Le dragon de Komodo a le sang froid. Sa queue est aussi longue que son corps. Il possède environ 60 dents pointues qui peuvent atteindre 2,5 centimètres de long. Il possède également une longue langue jaune et fourchue. Sa peau peut être bleue, orange, verte, grise ou brune. Sa salive est rouge car ses gencives recouvrent presque entièrement ses dents. Lorsqu'ils mangent, leurs dents coupent leurs gencives et les font saigner. Cela crée un bon environnement pour les dangereuses bactéries qui vivent dans sa bouche.
Taille
Ces lézards sont les principaux prédateurs dans les endroits où ils vivent car ils sont très gros.
Les gens pensaient qu'ils étaient très grands parce qu'il n'y a pas d'autres grands animaux carnivores sur les îles où ils vivent. Ils n'avaient donc pas à rivaliser avec d'autres animaux similaires pour la même nourriture et les mêmes endroits où vivre. Les gens pensaient aussi qu'ils étaient grands à cause de leur faible taux métabolique.
Cependant, les faits sont différents. Les fossiles montrent que le Komodo est le dernier d'un groupe de lézards appelés varanidés. Ces lézards ont à peu près la même taille depuis près d'un million d'années. Ils sont nés en Australie il y a près de quatre millions d'années, et se sont ensuite répandus dans une grande partie de l'Indonésie. Leur taille n'a rien à voir avec le fait qu'ils se trouvent sur une île relativement petite.
La plupart d'entre eux sont morts au contact de l'homme moderne.
Les sens
Les trous d'oreille du dragon de Komodo sont faciles à voir, mais les dragons de Komodo ne sont pas très doués pour entendre. Il est capable de voir jusqu'à 300 mètres de distance, mais on pense qu'il a une mauvaise vision nocturne. Le dragon de Komodo est capable de voir en couleurs, mais il a du mal à voir les objets qui ne bougent pas.
Le dragon de Komodo utilise sa langue pour goûter et sentir comme beaucoup d'autres reptiles. Ils possèdent une partie du corps spéciale appelée organe de Jacobson pour l'odorat. Avec l'aide d'un bon vent, ils peuvent sentir les animaux morts à une distance de 4 à 9,5 kilomètres. Les narines du dragon de Komodo ne sont pas très utiles pour sentir, car il n'a pas de diaphragme. Il n'a que quelques papilles gustatives au fond de sa gorge.
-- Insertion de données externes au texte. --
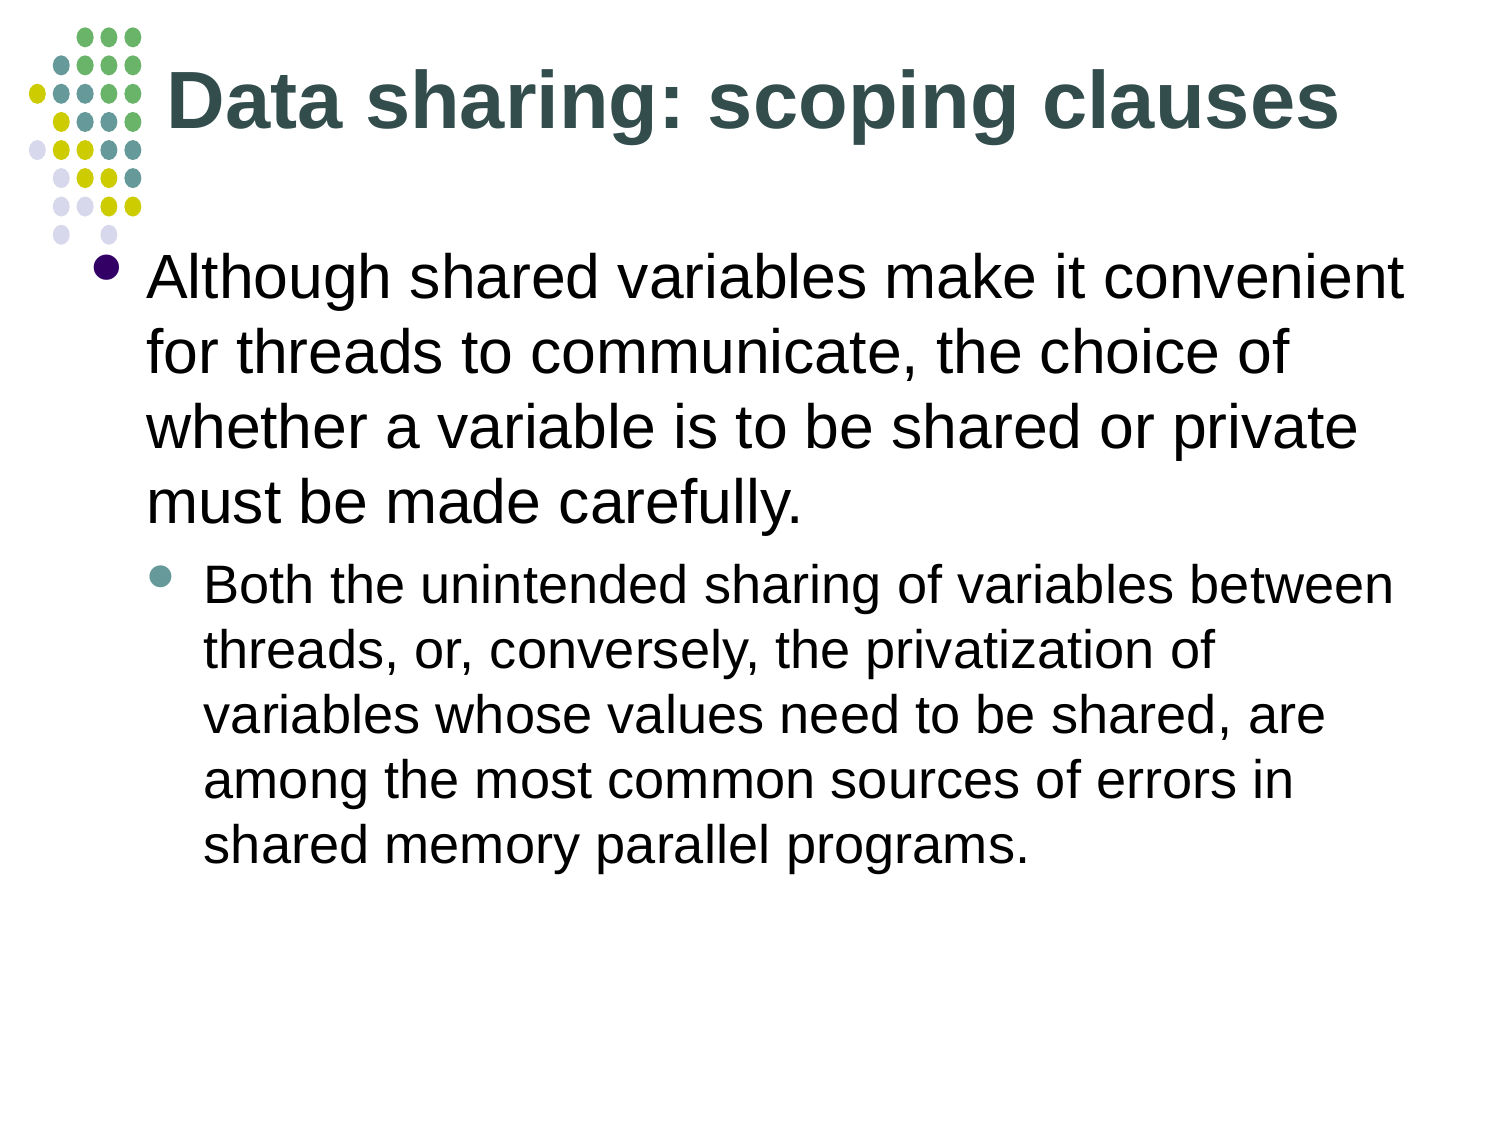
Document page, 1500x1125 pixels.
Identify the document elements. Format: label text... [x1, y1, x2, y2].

title Data sharing: scoping clauses [151, 40, 1390, 176]
list Although shared variables make it convenient for threads to communicate, the choice of whether a variable is to be shared or private must be made carefully. Both the unintended sharing of variables between threads, or, conversely, the privatization of variables whose values need to be shared, are among the most common sources of errors in shared memory parallel programs. [75, 228, 1426, 1006]

Ses écailles ont des connexions spéciales avec les nerfs qui donnent au lézard le sens du toucher. Les écailles autour des oreilles, des lèvres, du menton et de la plante des pieds peuvent avoir trois de ces connexions ou plus.
Salive
Les dragons de Komodo ont des bactéries dangereuses dans leur salive. Les scientifiques en ont identifié 57. L'une des bactéries les plus dangereuses dans la salive des dragons de Komodo semble être une sorte de Pasteurella multocida. Ces bactéries provoquent des maladies dans le sang de leur victime. Si une morsure ne tue pas un animal et qu'il s'échappe, il mourra généralement dans la semaine qui suit l'infection. Le dragon de Komodo semble ne jamais tomber malade à cause de sa propre bactérie. Les chercheurs ont donc cherché l'antibactérien du lézard. Celui-ci pourrait être utilisé comme médicament pour les humains.
En plus des bactéries mortelles, le dragon de Komodo possède des glandes à venin dans sa mâchoire inférieure qui correspondent à la puissance du taipan, un serpent venimeux. Le venin agit comme un fluidifiant sanguin et provoque la mort par insuffisance cardiaque et hémorragie interne massive en 30 minutes seulement.
Reproduction
L'accouplement commence entre mai et août et la ponte a lieu en septembre. Les dragons laissent une vingtaine d'œufs dans des nids vides laissés par des oiseaux appelés mégapodes. Les œufs se développent pendant sept à huit mois. Les œufs s'ouvrent et les bébés lézards sortent en avril, quand il y a beaucoup d'insectes à manger. Les jeunes dragons de Komodo vivent dans les arbres, où ils sont à l'abri des dragons de Komodo adultes et des autres animaux qui pourraient les manger. Il leur faut environ trois à cinq ans pour arriver à maturité et ils peuvent vivre jusqu'à cinquante ans. Les femelles peuvent avoir des bébés sans fécondation (parthénogenèse).